SOON to be released is a road map for the Philippine’s automotive industry as the government finds measures on how incentives can be given to local car manufacturers without reducing excise taxes.
According to Board of Investments (BOI) Executive Director Lucita Reyes in a recent press, the government is holding consultations for the road map, which will promote the development of local manufacturing of vehicles.
Moreover, it is strategising to develop local manufacturing as well as make locally produced cars more affordable without reducing the excise taxes imposed on these vehicles.
Whilst, the excise taxes on local cars can help local assemblers but implementation which would still require a legislative measure, said Reyes.
The director also cited that refleeting of vehicles that are 10 years and above may be considered in place of lowering the excise taxes, and such move could boost the market for new local cars.

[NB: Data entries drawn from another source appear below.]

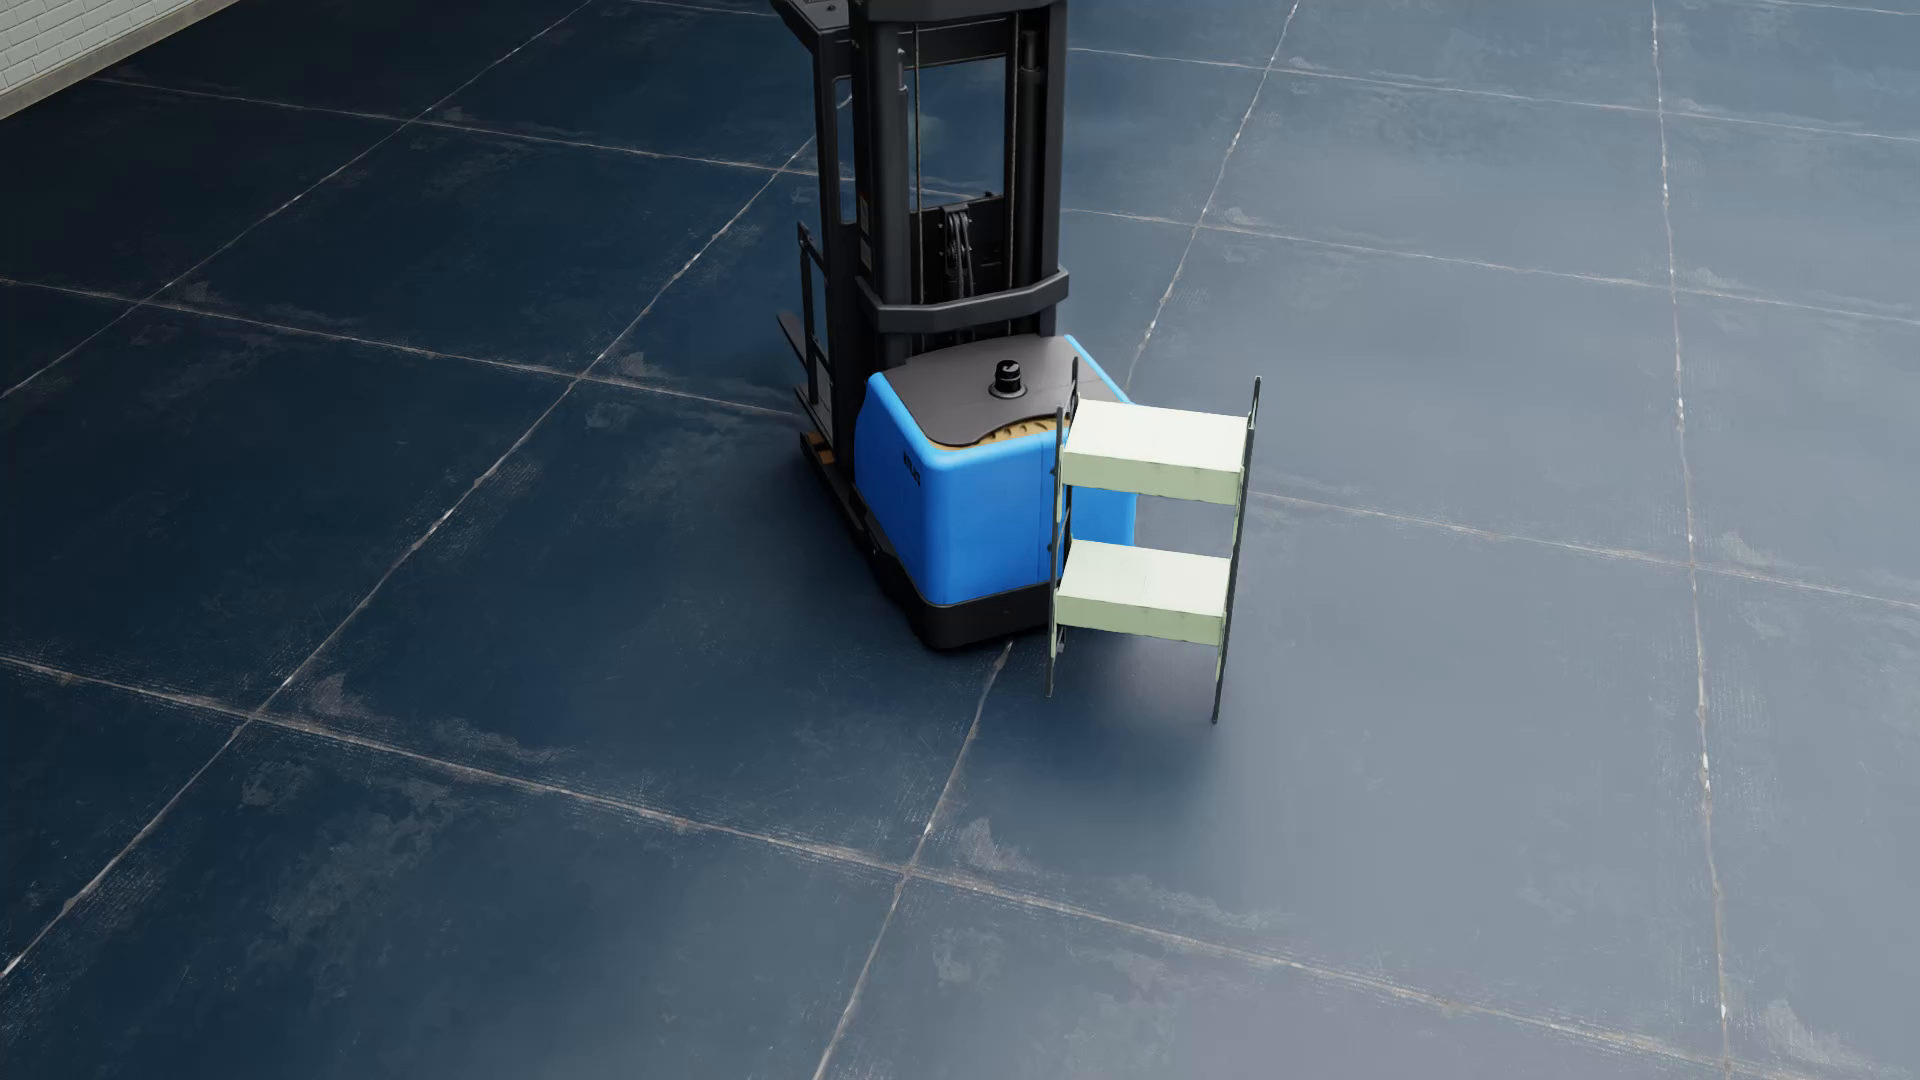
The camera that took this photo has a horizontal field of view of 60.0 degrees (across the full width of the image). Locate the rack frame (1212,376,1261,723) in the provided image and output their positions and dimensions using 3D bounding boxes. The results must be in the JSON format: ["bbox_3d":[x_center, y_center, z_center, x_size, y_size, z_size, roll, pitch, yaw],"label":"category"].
[{"bbox_3d":[1.144,0.068,6.893,0.023,1.500,0.400,7,37,10],"label":"rack frame"}]

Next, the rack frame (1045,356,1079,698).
[{"bbox_3d":[0.429,-0.025,7.019,0.023,1.500,0.400,7,37,10],"label":"rack frame"}]

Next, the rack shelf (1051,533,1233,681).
[{"bbox_3d":[0.786,0.284,7.149,0.720,0.370,0.431,7,37,10],"label":"rack shelf"}]

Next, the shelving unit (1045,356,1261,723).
[{"bbox_3d":[0.786,0.021,6.956,0.755,1.500,0.431,7,37,10],"label":"shelving unit"}]

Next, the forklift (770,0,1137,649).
[{"bbox_3d":[-0.198,-1.565,7.903,1.130,2.935,3.031,-13,38,-17],"label":"forklift"}]

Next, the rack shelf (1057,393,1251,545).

She said that an estimated 1.7 million of the total 3.1 million vehicles registered with the Land Transportation Office (LTO) are more than 10 years old.
The use of new technology or the manufacture of alternative fuel vehicles is also being studied and included in the Investment Priorities Plan.
She added that the government is keen to developing the local manufacture of cars as it contributes to the economy by providing direct employment to some 868,000 individuals.
Last year, more imported cars were sold in the country compared to those locally produced with the ratio at 52:48; one of the reasons that volume of imported cars are bigger than those that are locally produced are the small market for vehicles and fewer available parts and components, she said.
The Chamber of Automotive Manufacturers of the Philippines Inc. (CAMPI) and the Association of Vehicle Importers and Distributors, Inc. (AVID) are also actively promoting the local auto industry; both organisations expressing optimism for the industry this year.
CAMPI President Rommel Gutierrez said that optimism is building up especially since the government is looking after the after the CKD (completely knocked down) and CBU (completely built units) sectors, adding that total industry sales are expected to rise 10% percent this year from last year, due to the country’s favourable economic condition.
Last year, there were 184,248 units sold with total vehicle sales posted an 11.6% increase from 2011 due to the strong demand for both passenger cars and commercial vehicles, according to data from AVID and CAMPI.